Dan and Veronica Marino moved to Florida in 1993 after Senior -- that's what everyone calls him here -- retired from his Teamsters' job delivering the Post-Gazette in downtown Pittsburgh by truck starting at 2 a.m. daily. Sister Debbie, 38, and her family also live here; sister Cindy, 41, remains in Pittsburgh.

Dan Sr.'s job allowed him to have a front-row seat for all his children's activities. He coached his son in Little League baseball, wrote notes to him at Pitt on scraps of paper -- words of advice and perspective on life and reminders about self conduct. He watched high school practices from his truck, sometimes with both girls in tow while mom, who served as a school crossing guard, was back on Parkview Avenue making heaps of spaghetti and meatballs, Dan's favorite dish.

"We never went on vacation or anything; we couldn't afford it," Dan Sr. says. "I never did as a kid, either. We went to the school picnic at Kennywood, that was it."
Now, they take vacations to Pittsburgh. Dan and Veronica make the 20-hour drive in a Chevy van over two days.

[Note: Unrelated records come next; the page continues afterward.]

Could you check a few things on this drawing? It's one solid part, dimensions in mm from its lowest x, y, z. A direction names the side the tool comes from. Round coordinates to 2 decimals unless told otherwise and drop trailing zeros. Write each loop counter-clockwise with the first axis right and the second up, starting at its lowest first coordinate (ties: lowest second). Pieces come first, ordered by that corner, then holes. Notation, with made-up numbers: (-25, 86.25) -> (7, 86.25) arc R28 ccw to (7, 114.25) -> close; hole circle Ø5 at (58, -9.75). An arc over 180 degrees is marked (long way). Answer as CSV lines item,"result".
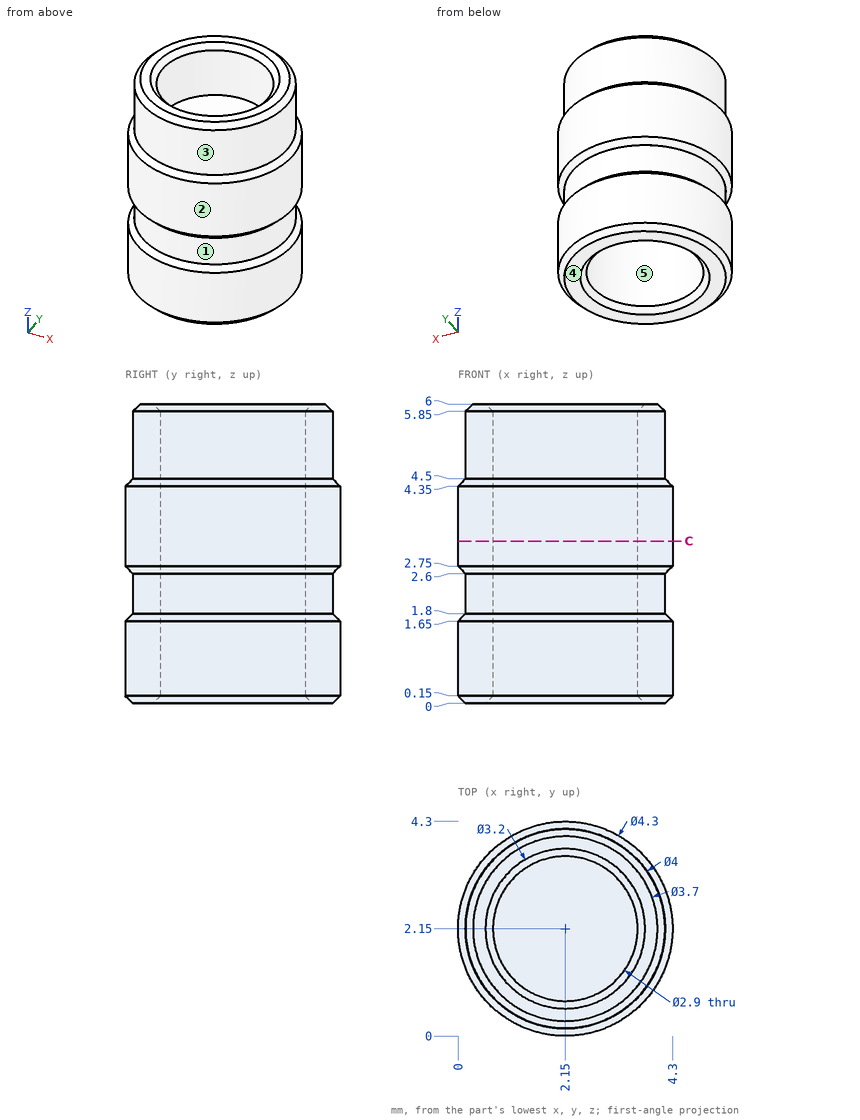
1. If we mould it in two halves opening along Y, with no side actions, what happens to the marked faces 3, 4 and 5? For each: released by +Y, released by -Y, zero draft, split by the parting line, or undercut.
Numbers:
face 3,"split by the parting line"
face 4,"zero draft"
face 5,"undercut"
2. On a 3-axis mill with a long thin cutter (end or side, diameter ignored), from which of +Z, -Z, +X, -X, +Y, -Y can I reach the whole of each face in a straight line? I mean the marked faces 1 and 2. Say none if no direction works.
Numbers:
face 1,"none"
face 2,"+Z, -Z"
3. Suppose I cut it at C-C on z = 3.25. Please give me the cut outline in (x, y).
Numbers:
outline,"circle Ø4.3 at (2.15, 2.15); hole circle Ø2.9 at (2.15, 2.15)"
4. If I drill on line 1 (Y direction, x = 2.15, z = 1.35); line 2 (X direction, y = 2.2, z = 4.8), over which ranges is the centre line in solid material (lowest first)?
Numbers:
line 1,"y = 0 to 0.7, 3.6 to 4.3"
line 2,"x = 0.15 to 0.7, 3.6 to 4.15"

"It's a beautiful ride," Dan Sr. says. "I'm not pressed for time; when we get there we get there. The point is getting there, that's the objective."

Enjoy the ride, a note from father to son 25 years ago might advise. It's been a great one. Marino is an NFL studio host for CBS and HBO, which requires two separate trips to New York each week during the season, journeys eased by the availability of a private jet. It's kept him around the game.

"It's nice," Claire says, "because I think it would have been really difficult to have him home year-round when he first quit. It wasn't a big change, like a whole new schedule. The kids were used to that."

The Marinos have six of them. Three boys and three girls, two adopted from China. Eldest son Dan-o, an award-winning high school thespian who will pursue his education in acting at college this fall, will introduce his father in Canton. It's why his dad cannot yet pinpoint his best memory over a long sports career.

"You know what," Dan Marino says, "I think it's coming up."